= Taabeta Teakai =

Women government ministers of Kiribati

Taabeta Teakai is the Minister of Employment and Human Resources in Kiribati. She was the only female member of the government appointed in 2020.

==Political career==
In the April 2020 elections Teakai was one of four women elected out of 45 members of Maneaba ni Maungatabu, the House of Assembly of Kiribati, the highest number of women represented in parliament until then. During the first round of voting in the South Tarawa constituency she polled second but was first after the second ballot. Three members were elected from this constituency. It was the first time Teakai had been elected.
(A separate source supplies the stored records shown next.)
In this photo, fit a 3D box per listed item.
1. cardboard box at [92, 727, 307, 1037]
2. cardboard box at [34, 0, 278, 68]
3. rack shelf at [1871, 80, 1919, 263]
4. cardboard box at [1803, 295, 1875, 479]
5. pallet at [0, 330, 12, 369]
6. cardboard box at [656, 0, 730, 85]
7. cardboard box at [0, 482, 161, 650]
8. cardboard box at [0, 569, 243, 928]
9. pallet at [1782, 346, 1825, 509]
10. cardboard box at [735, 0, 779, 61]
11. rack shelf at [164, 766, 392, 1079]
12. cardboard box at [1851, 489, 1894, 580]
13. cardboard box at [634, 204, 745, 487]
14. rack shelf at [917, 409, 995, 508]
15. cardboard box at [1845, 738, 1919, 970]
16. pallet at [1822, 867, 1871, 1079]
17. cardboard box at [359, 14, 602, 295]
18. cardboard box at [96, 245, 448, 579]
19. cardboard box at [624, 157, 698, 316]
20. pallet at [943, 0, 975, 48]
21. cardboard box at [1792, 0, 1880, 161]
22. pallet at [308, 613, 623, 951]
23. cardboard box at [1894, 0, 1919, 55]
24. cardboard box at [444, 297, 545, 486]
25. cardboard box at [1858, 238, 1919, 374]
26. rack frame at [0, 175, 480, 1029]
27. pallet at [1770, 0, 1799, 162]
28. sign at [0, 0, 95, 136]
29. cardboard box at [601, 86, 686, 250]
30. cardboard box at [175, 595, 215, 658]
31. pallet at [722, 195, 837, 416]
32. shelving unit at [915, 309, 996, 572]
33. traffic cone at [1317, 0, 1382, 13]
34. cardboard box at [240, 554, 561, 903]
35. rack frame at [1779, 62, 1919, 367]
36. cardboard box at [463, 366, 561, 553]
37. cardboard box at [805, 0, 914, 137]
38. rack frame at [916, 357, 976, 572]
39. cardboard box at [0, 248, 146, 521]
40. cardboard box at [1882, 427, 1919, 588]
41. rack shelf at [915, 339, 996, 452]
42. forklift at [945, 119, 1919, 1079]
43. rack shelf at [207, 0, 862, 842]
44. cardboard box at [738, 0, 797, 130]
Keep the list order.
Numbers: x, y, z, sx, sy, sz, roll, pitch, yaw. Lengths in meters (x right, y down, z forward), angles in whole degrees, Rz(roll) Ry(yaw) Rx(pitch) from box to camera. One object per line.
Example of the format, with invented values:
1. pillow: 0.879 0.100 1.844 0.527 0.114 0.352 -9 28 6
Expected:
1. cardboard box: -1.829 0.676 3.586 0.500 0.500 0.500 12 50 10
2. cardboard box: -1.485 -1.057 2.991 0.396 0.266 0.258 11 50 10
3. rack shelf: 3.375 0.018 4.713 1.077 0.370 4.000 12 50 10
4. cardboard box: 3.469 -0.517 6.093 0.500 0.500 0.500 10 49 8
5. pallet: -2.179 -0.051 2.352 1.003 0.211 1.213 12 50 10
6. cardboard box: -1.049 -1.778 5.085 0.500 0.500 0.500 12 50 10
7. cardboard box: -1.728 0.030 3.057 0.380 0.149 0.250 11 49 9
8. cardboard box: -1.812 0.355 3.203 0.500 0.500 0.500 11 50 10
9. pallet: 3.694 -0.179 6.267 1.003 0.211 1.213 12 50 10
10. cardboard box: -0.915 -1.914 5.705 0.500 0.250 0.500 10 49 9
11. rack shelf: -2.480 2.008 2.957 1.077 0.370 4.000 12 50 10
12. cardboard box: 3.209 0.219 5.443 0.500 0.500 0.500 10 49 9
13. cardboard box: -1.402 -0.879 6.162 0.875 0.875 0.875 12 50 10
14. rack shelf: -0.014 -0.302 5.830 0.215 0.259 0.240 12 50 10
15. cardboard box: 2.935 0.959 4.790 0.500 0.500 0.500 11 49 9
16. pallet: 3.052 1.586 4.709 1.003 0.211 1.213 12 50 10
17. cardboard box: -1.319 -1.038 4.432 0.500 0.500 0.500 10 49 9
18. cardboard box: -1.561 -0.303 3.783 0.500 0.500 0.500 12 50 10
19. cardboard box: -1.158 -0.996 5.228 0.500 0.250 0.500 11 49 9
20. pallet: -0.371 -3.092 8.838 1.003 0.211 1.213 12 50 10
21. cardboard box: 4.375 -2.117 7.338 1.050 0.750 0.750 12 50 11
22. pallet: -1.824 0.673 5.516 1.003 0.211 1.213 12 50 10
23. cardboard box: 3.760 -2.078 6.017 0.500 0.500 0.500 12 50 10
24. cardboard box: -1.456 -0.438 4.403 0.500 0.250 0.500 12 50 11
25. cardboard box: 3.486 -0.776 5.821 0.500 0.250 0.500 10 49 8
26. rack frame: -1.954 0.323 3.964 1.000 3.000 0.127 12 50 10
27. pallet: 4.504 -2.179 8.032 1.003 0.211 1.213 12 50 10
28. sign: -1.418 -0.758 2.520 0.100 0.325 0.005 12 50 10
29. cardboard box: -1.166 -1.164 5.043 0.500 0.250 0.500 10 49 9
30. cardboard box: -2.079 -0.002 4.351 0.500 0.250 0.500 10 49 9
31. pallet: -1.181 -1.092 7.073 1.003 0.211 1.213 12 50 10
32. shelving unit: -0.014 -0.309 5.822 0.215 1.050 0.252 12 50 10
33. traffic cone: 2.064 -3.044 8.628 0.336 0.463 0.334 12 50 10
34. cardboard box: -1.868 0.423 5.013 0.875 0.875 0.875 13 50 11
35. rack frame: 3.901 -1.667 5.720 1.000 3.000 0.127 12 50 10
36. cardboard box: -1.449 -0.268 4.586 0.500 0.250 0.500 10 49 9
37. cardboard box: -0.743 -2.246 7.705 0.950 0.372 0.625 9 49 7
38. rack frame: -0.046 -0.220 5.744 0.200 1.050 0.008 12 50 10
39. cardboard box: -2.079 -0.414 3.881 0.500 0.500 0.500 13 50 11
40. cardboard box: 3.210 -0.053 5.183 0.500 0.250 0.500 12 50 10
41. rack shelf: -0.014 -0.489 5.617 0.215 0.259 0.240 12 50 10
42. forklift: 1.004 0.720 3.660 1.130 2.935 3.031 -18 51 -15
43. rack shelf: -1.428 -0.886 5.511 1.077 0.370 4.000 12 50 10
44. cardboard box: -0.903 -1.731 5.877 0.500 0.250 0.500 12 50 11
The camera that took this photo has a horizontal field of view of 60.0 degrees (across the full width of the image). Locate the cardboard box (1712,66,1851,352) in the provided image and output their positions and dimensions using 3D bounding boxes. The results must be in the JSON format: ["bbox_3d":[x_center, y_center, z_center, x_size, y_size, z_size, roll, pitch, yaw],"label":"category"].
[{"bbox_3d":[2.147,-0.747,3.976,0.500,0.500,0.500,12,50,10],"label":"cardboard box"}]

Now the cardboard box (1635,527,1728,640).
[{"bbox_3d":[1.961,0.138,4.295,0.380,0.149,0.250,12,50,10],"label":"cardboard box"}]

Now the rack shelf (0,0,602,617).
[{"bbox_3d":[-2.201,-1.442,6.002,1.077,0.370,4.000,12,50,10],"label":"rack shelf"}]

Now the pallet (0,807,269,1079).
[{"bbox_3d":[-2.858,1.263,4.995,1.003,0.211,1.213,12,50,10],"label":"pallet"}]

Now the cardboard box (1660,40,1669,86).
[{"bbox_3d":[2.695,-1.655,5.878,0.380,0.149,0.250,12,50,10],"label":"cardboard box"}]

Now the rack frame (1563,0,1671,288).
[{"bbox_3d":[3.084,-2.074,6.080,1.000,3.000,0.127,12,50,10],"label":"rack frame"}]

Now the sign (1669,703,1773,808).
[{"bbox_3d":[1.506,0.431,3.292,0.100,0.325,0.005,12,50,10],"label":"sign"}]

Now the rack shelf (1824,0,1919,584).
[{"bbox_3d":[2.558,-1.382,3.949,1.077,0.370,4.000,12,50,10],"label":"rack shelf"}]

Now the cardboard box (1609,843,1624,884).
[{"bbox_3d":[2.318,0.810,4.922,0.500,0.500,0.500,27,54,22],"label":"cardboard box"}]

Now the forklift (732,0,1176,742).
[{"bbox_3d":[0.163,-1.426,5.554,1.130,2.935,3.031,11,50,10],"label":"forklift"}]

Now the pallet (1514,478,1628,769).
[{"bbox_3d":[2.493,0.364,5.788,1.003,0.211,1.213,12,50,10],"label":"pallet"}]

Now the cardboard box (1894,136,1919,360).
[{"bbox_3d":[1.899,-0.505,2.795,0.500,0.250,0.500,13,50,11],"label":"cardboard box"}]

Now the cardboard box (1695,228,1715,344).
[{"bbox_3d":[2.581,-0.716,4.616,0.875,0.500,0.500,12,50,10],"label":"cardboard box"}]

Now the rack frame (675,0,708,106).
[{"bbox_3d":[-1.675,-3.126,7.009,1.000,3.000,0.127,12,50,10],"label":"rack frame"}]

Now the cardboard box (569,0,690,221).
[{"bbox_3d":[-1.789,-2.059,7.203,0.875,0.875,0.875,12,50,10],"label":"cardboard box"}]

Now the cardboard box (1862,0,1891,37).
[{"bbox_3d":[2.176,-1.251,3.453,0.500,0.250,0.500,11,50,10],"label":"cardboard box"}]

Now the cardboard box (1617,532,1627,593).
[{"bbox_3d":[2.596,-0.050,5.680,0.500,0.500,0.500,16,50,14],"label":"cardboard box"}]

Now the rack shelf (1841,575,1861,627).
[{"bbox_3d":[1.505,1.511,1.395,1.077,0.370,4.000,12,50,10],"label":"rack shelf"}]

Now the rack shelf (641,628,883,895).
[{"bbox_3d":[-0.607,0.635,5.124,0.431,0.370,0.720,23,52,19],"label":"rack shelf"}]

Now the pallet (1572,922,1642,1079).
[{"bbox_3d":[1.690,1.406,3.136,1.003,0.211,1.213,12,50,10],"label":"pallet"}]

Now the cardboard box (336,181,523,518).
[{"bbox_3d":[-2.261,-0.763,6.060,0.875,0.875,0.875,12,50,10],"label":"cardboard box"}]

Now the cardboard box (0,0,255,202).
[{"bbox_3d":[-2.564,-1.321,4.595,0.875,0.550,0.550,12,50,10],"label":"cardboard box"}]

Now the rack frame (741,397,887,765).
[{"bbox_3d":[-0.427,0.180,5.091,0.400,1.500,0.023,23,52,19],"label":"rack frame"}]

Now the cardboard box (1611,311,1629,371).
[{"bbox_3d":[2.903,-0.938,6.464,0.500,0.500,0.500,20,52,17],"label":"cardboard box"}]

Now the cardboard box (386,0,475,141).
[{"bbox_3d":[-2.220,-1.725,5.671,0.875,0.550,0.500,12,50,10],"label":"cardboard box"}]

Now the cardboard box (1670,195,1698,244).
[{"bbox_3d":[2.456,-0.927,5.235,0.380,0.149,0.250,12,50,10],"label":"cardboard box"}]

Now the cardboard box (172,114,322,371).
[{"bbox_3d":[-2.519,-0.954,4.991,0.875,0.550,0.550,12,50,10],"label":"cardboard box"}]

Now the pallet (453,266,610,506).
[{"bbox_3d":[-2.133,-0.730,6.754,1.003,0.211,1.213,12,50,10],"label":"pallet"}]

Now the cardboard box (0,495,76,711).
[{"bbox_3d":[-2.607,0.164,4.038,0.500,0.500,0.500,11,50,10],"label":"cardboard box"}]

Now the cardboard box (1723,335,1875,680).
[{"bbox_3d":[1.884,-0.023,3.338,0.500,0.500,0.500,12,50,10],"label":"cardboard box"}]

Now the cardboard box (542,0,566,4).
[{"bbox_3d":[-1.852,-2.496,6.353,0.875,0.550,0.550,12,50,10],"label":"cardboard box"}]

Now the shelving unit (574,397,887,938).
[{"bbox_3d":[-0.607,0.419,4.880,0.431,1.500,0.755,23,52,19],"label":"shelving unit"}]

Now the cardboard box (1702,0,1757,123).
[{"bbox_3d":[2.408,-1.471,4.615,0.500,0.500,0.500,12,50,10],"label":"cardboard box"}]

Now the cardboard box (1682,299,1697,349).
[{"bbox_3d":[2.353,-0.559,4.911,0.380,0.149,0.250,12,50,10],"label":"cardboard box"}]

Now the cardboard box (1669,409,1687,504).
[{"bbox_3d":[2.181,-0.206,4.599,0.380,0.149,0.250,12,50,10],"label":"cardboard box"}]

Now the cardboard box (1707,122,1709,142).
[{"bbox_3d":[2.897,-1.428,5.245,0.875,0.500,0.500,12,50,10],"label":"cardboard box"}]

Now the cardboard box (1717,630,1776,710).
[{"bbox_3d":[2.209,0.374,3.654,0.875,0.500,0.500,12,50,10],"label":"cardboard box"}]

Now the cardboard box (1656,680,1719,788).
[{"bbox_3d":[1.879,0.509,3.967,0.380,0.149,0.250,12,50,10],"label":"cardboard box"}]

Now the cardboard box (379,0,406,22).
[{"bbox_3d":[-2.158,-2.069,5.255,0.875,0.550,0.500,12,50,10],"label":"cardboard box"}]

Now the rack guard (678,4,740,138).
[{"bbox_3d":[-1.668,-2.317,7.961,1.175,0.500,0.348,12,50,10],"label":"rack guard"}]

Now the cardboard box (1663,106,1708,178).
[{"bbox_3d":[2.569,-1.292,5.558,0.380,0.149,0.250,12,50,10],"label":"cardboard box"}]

As Minister of Employment and Human Resources, Teakai was sworn in on 2 July 2020. On that day she announced that she was setting a number of targets for completion within 100 days. On 10 October 2020, after 100 days, she announced that the ministry had successfully developed a Labour Market Database and an Overseas Employment Database. This is important for Kiribati, where many citizens work overseas, particularly in the shipping industry. Teakai also announced that steps had been taken to ensure compliance with the Occupational Health and Safety Act and the Employment and Industrial Relations Act. Finally, the ministry had developed a new logo.

The major problem faced by Teakai in her first year as a minister was the repatriation of seafarers from Kiribati, who were unable to return home because of COVID-19 and the decision of Kiribati to close its borders. With scheduled direct flights to only a few neighbouring countries, Kiribati was trying to arrange repatriation through countries without COVID. This became more complicated when there was an outbreak in Fiji and 165 seafarers were stuck in a hotel in Nadi, waiting to be allowed home.